Alert rule: CNPGClusterOffline

Overview

This alert triggers when all CNPG collectors in a namespace report cnpg_collector_up == 0, indicating that the cluster is unhealthy or the monitoring exporter has failed on all instances.

This alert relies on cnpg_collector_up being present. If all pods are killed and the metric is absent entirely, this alert will not fire. In that case, investigate manually.

Steps for Debugging

Step one

Identify the affected namespace from the alert.
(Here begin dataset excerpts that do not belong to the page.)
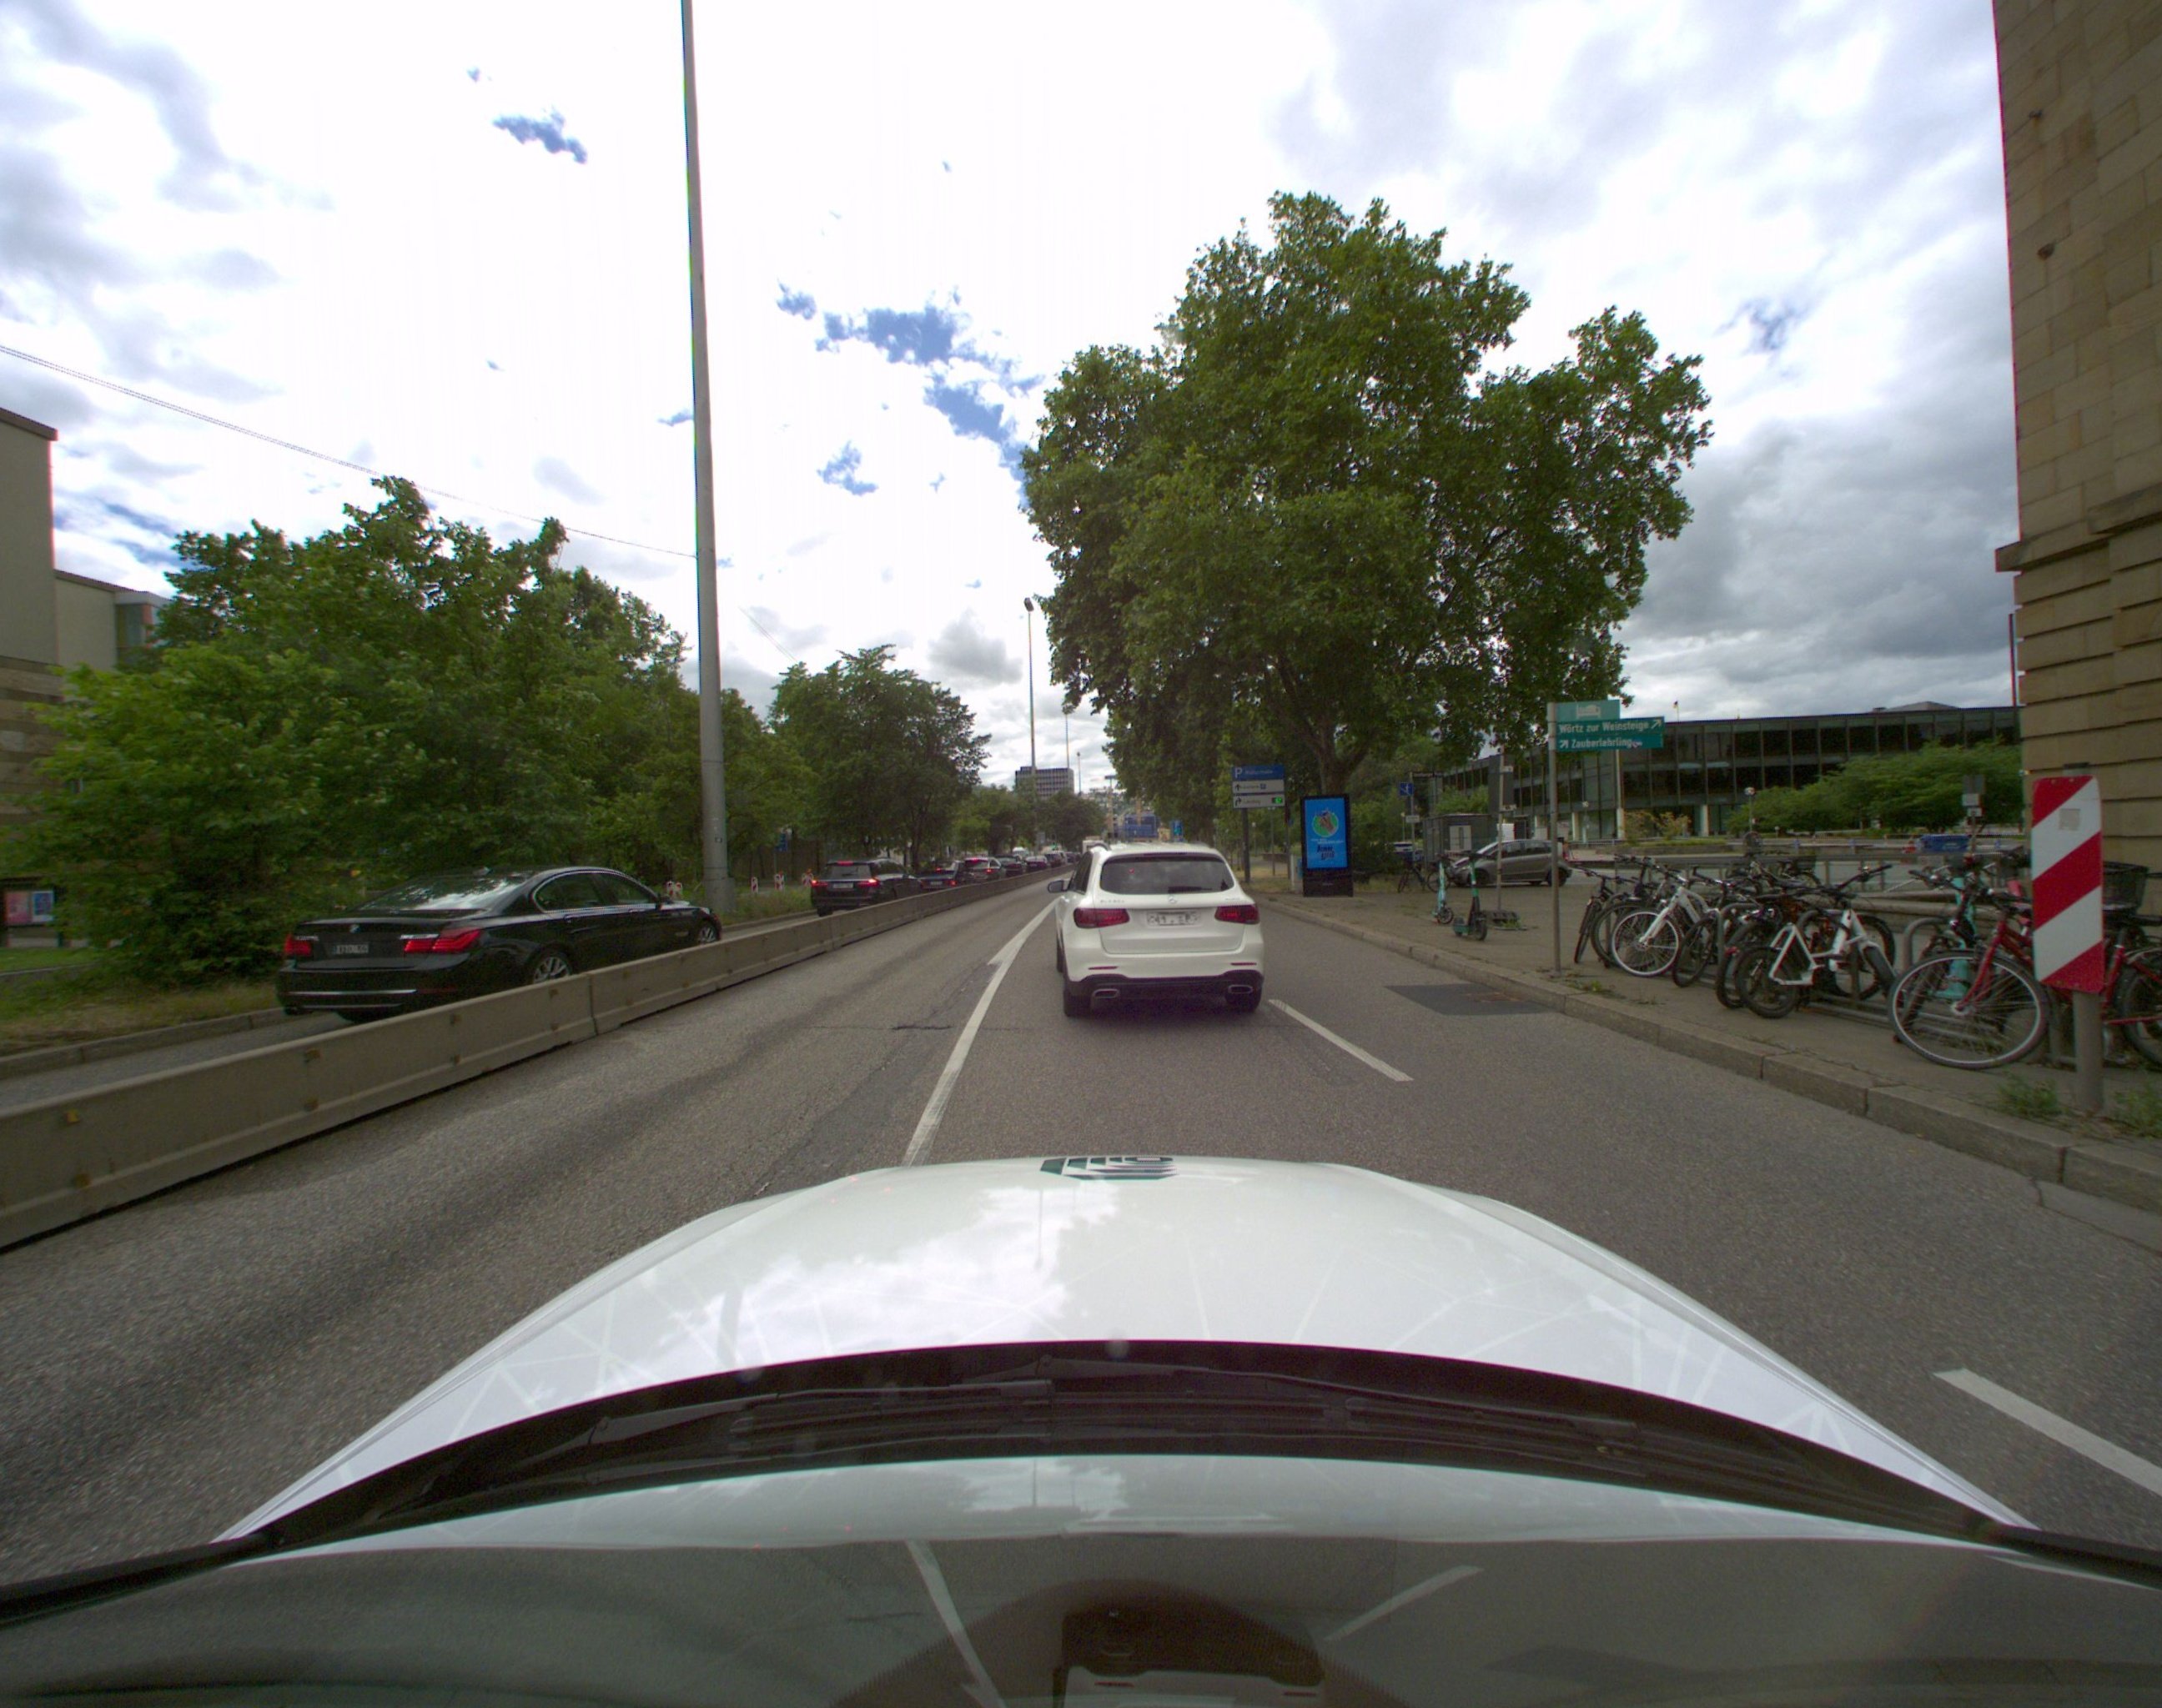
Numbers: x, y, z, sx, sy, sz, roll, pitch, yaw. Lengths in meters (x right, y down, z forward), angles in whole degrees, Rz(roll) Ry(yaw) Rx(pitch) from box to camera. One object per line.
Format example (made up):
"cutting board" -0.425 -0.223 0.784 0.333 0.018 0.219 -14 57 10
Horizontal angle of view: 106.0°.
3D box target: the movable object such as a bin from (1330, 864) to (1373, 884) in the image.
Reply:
"movable object such as a bin" 9.127 0.672 27.502 1.290 0.652 0.731 0 -1 11

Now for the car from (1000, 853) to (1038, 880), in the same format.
"car" -3.527 0.664 46.683 1.770 1.420 4.001 -2 0 1

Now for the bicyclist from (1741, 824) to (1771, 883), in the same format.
"bicyclist" 20.358 -0.004 24.570 0.435 1.748 0.474 -2 0 -5

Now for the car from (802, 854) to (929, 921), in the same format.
"car" -5.483 0.789 21.391 1.809 1.499 4.772 -2 0 3

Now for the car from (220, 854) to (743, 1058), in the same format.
"car" -5.912 0.836 9.077 1.915 1.636 4.941 -1 0 4

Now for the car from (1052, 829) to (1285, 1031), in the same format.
"car" 0.655 0.626 8.941 1.784 1.625 4.431 -1 0 -4

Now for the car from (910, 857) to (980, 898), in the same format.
"car" -5.097 0.835 31.176 1.671 1.367 4.546 -2 0 3

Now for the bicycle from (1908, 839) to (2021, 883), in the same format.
"bicycle" 22.381 0.182 20.647 2.153 1.100 0.427 -1 0 8

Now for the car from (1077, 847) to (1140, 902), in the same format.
"car" 0.804 0.627 26.224 1.791 1.608 3.752 -1 0 -1

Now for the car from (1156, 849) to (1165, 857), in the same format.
"car" 17.686 -0.286 181.531 1.751 1.669 4.172 -2 0 3

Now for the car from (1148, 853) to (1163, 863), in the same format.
"car" 10.452 0.522 114.666 1.938 1.319 4.021 -1 0 4

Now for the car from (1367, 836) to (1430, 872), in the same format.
"car" 15.593 -0.060 40.148 1.752 1.551 4.032 -2 2 4

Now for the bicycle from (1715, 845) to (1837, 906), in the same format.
"bicycle" 13.744 0.418 16.127 2.003 1.125 0.389 -2 -1 2

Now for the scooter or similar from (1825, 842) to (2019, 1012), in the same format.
"scooter or similar" 6.670 0.530 6.538 0.422 1.224 1.317 0 -1 13

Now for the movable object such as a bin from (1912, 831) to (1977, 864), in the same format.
"movable object such as a bin" 35.635 -0.275 33.617 1.402 1.303 1.154 -2 0 5

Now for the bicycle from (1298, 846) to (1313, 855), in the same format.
"bicycle" 24.176 -0.380 87.743 0.950 0.975 2.789 0 0 3

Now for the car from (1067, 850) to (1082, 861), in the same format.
"car" -0.781 0.162 105.939 1.651 1.319 3.551 -1 0 4

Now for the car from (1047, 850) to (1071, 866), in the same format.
"car" -1.974 0.359 73.159 1.651 1.319 3.553 -1 0 6

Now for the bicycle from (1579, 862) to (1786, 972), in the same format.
"bicycle" 6.221 0.634 8.492 1.715 1.091 0.382 -1 0 15

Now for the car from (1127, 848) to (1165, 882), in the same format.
"car" 3.248 0.543 41.439 1.653 1.639 3.547 -1 0 0

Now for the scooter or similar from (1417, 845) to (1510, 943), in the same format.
"scooter or similar" 5.558 0.554 11.910 0.723 1.331 1.414 -1 0 2

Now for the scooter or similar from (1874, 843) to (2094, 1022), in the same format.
"scooter or similar" 7.032 0.562 6.416 0.559 1.278 1.151 -1 0 9

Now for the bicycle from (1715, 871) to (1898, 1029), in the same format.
"bicycle" 5.845 0.718 6.544 1.616 1.130 0.466 -1 0 -24

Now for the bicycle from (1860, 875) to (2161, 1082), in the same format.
"bicycle" 5.657 0.671 4.640 1.648 1.074 0.588 -1 0 22

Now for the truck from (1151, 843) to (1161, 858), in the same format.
"truck" 21.884 -1.014 237.748 2.864 4.103 6.645 0 0 4

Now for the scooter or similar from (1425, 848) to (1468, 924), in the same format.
"scooter or similar" 6.438 0.540 14.397 0.428 1.280 1.439 -1 0 14

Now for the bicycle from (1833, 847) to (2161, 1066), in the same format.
"bicycle" 5.835 0.595 5.119 1.529 1.257 0.546 -1 0 21

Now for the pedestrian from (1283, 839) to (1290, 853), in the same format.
"pedestrian" 24.209 -0.894 95.924 0.634 1.610 0.665 -2 0 11

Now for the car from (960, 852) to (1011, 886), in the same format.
"car" -4.340 0.658 37.603 1.654 1.436 3.963 -1 0 3

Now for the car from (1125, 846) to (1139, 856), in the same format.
"car" 7.360 -0.404 116.580 1.938 1.319 4.021 -1 0 4

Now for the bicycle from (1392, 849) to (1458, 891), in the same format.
"bicycle" 10.441 0.489 24.751 1.776 1.221 0.493 -2 0 5

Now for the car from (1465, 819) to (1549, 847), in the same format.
"car" 37.400 -1.817 71.644 6.079 2.260 2.405 -2 0 4

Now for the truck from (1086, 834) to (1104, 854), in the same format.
"truck" 2.159 -1.467 123.682 2.681 2.992 5.641 0 0 2

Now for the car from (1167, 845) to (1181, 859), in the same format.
"car" 13.791 -0.266 120.908 1.984 2.013 4.005 -1 0 4

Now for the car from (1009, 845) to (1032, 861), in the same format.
"car" -7.643 -0.135 103.164 2.107 1.969 5.583 -2 0 3

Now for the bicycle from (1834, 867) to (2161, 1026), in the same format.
"bicycle" 6.321 0.610 5.676 1.552 1.028 0.437 -1 0 13

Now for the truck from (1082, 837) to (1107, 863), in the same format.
"truck" 1.603 -0.469 92.088 2.610 2.861 7.083 -1 0 2

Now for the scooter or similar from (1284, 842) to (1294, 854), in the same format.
"scooter or similar" 20.931 -0.597 82.018 0.632 1.245 2.229 0 0 6

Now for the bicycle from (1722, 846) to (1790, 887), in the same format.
"bicycle" 20.090 0.367 24.241 1.746 1.131 0.443 -2 0 -6

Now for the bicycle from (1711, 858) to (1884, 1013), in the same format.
"bicycle" 5.801 0.607 6.575 1.616 1.130 0.405 -1 0 -24

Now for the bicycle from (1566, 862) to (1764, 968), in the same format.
"bicycle" 6.346 0.646 8.921 1.715 1.091 0.427 -1 0 15

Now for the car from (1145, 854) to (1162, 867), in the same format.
"car" 8.404 0.779 94.672 1.938 1.428 4.021 -1 0 4

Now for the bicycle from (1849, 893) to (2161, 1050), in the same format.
"bicycle" 6.340 0.744 5.387 1.713 0.917 0.617 -2 0 21

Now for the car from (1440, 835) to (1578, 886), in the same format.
"car" 14.559 0.220 27.840 3.820 1.568 1.680 -2 0 3

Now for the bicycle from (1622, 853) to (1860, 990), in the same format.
"bicycle" 6.150 0.608 7.638 1.752 1.209 0.604 -1 0 -1

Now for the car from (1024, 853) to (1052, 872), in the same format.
"car" -3.139 0.620 59.828 1.652 1.319 3.551 -1 0 3

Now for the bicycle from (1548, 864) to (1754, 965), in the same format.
"bicycle" 6.580 0.677 9.500 1.843 1.091 0.668 -1 0 15

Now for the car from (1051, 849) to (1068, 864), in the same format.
"car" -2.196 0.257 84.142 1.654 1.513 3.546 -2 -1 -1

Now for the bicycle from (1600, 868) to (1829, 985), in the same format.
"bicycle" 6.234 0.692 8.093 1.717 1.091 0.576 -1 0 11

Set it as a variable.

INSTANCE_NAMESPACE='<instance-namespace>'
Step two

Check if any PostgreSQL pods are running.

kubectl get pods -n $INSTANCE_NAMESPACE
Step three

Check the CNPG cluster resource for status conditions.

kubectl describe cluster postgresql -n $INSTANCE_NAMESPACE
Step four

If pods exist but the collector is not healthy, check the pod logs for errors.
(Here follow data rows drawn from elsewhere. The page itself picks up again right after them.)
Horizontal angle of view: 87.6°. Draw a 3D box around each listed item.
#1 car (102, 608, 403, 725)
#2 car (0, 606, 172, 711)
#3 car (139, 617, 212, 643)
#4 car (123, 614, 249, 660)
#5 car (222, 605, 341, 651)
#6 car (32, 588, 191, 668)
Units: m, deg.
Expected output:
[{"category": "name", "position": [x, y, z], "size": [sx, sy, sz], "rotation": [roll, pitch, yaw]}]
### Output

kubectl logs -n $INSTANCE_NAMESPACE -l cnpg.io/cluster=postgresql --prefix | grep -i "collector\|error\|fatal"
Step five

If no pods are running, check recent events and node pressure.

kubectl get events -n $INSTANCE_NAMESPACE --sort-by='.lastTimestamp'
kubectl describe nodes | grep -A5 "Conditions:"
Step six

If the cluster is hibernated, check for the hibernation annotation.

kubectl get cluster postgresql -n $INSTANCE_NAMESPACE -o jsonpath='{.metadata.annotations}'